И вот тряпье кокотки уже свалено в кучу на полу; снят медальон с бриллиантом, и вместо него на шею ложится жемчужное ожерелье, оставшееся Валентине от матери. Темно-голубое платье наглухо закрыто, и прекрасные плечи и грудь Валентины спрятаны под плотной материей. Длинный плащ цвета сапфира покрывает фигуру, оставляя лицо ее в строгом обрамлении высокого воротника…
Валентина чувствовала себя ужасно измученной. Ломило виски, а невыплаканные слезы жгли глаза и, казалось, от любого неосторожного слова готовы были хлынуть ручьем. Что он собою представляет, этот грубый, со звериными ухватками мужчина, который бесцеремонно набросился на нее с поцелуями, так, как будто она была девкой-горничной? Какой помощи она может ждать от него, кроме как самой помочь ему — утолить его плотский аппетит? Она не знала, с чего же ей начать. Она ведь ничего не знала о любви, вся любовь помнилась ей в форме чего-то унизительного, болезненного, грубого, не приносящего ни нежности, ни наслаждений. Она вся сжималась от отвращения при одном лишь грубом, властном прикосновении Мюрата. Он обращался с женщиной как мужлан.

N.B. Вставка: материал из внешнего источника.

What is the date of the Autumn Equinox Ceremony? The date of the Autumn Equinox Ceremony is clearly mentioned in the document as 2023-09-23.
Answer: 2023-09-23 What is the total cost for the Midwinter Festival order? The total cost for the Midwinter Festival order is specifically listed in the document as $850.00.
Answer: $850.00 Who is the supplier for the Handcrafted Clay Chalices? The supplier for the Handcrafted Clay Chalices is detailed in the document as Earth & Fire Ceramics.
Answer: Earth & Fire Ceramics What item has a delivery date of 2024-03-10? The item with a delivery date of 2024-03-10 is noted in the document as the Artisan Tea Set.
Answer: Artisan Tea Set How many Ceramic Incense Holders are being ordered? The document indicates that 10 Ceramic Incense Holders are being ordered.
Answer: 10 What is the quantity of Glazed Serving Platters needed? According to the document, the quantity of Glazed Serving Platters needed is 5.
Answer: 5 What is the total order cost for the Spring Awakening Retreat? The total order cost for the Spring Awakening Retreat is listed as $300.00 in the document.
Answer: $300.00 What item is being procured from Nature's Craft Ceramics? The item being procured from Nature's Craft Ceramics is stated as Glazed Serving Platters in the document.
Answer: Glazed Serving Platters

И она собиралась отдаться этому мужику и готовилась вынести с ним все то же, что перенесла с мужем, за исключением (она Бога молила об этом) тех извращенных штучек, которыми он так часто любил забавляться и превращал этим их ночь в кромешный грех… При одном воспоминании об этом ее решимость несколько поуменьшилась. Она в изнеможении прислонилась к высокой спинке кровати… Но миг слабости прошел. «Вперед, или Александру убьют!» Да, граф Грюновский пойдет на все… Оставалось только ехать на этот конфиденциальный ужин, и все, что в ее силах, — это вызвать к себе сочувствие Мюрата. Может быть, он окажется столь благороден, что ничего не потребует взамен своей поддержки. На это была вся надежда.

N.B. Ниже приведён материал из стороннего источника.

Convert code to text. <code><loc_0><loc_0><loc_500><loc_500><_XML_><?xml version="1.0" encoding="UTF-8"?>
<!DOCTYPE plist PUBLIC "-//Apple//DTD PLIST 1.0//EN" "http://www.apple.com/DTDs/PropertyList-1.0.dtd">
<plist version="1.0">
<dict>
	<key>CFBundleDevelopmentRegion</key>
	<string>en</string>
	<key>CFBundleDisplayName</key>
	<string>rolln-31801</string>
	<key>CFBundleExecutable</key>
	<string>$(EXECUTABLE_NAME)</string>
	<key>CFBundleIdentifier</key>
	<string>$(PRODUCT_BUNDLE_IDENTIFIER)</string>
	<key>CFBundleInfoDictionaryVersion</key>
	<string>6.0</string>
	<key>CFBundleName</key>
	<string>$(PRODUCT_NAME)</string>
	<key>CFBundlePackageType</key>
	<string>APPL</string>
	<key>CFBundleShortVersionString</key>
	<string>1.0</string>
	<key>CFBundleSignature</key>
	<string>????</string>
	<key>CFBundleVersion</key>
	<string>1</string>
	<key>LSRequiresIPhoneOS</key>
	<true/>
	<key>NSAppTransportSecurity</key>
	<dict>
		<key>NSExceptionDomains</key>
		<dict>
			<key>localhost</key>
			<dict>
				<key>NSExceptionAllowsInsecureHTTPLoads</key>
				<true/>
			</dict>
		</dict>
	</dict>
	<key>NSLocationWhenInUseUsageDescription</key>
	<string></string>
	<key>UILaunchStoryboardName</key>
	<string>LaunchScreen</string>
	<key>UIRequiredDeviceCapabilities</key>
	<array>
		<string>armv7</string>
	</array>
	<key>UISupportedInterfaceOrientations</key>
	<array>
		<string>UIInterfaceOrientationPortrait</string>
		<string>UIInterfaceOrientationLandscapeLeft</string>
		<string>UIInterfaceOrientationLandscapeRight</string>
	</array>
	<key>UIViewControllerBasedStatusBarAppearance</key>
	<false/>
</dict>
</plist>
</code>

— Яна, — велела она, — сходи вниз и посмотри, не подъехала ли карета маршала. Уже время.
Девушка вернулась скоро. Она замешкалась в дверях, как бы нехотя оставляя проход для госпожи.
— Карета стоит внизу, — тихо сказала Яна. — Я сказала, что вы сейчас спуститесь. Граф стоит у входа, — добавила она в недоумении от происходящего.

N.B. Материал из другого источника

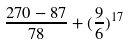Convert formula to latex. <formula><loc_0><loc_0><loc_500><loc_500>\frac { 2 7 0 - 8 7 } { 7 8 } + ( \frac { 9 } { 6 } ) ^ { 1 7 }</formula>

— Спасибо, Яна. Не жди меня сегодня ночью, а лучше собери свои вещи. Если все пойдет так, как я задумала, я за тобой пришлю.
— Доброй ночи, мадам. Бог вам в помощь, а я буду готова.
Валентина сошла вниз по скрипучей лестнице. В холле внизу горели все свечи; посреди холла стоял граф Грюновский в плаще и шляпе, словно тоже собираясь наружу. Услышав скрип ступенек, он взглянул снизу на Валентину.
— Запомни, — сказал он отчетливо, — что тебе надо постараться получить удовольствие от всего этого. Он парень грубоватый, как я думаю, но ты не смей показывать и вида, что ты такая ледышка. Одним словом, завтра я жду от тебя отчета об этой ночи. Тебе надо будет побольше с ним разговаривать, слышишь, побольше!
Валентина прошла мимо него, не повернув к нему лица и ничего не ответив. Граф проследил, как она вышла во двор и французский офицер посадил ее в экипаж. Карета тронулась и выехала со двора, сопровождаемая двумя верховыми.
Граф кликнул карету для себя. Теперь можно было ехать к Потоцкому с докладом об успешно пройденном первом этапе этого дельца.
* * *
— Какого черта вам надо! Я занят!
Обычно де Шавель не был резок с младшими офицерами, но сейчас он был утомлен, а предстояло еще закончить обстоятельный рапорт и отослать его в Париж. Сегодня он обедал в одиночестве и побыстрее вернулся к себе на квартиру работать. И вот около полуночи его побеспокоили.
— Ах, Фонесэ, это вы! А я уж думал, это опять какой-нибудь идиот из штаба. Что там у вас?
Фонесэ, адъютант Мюрата, хладнокровно поклонился. Он давно привык не только к крепким выражениям, но даже к летящим в голову ботинкам, которыми Мюрат часто швырялся в приступах гнева.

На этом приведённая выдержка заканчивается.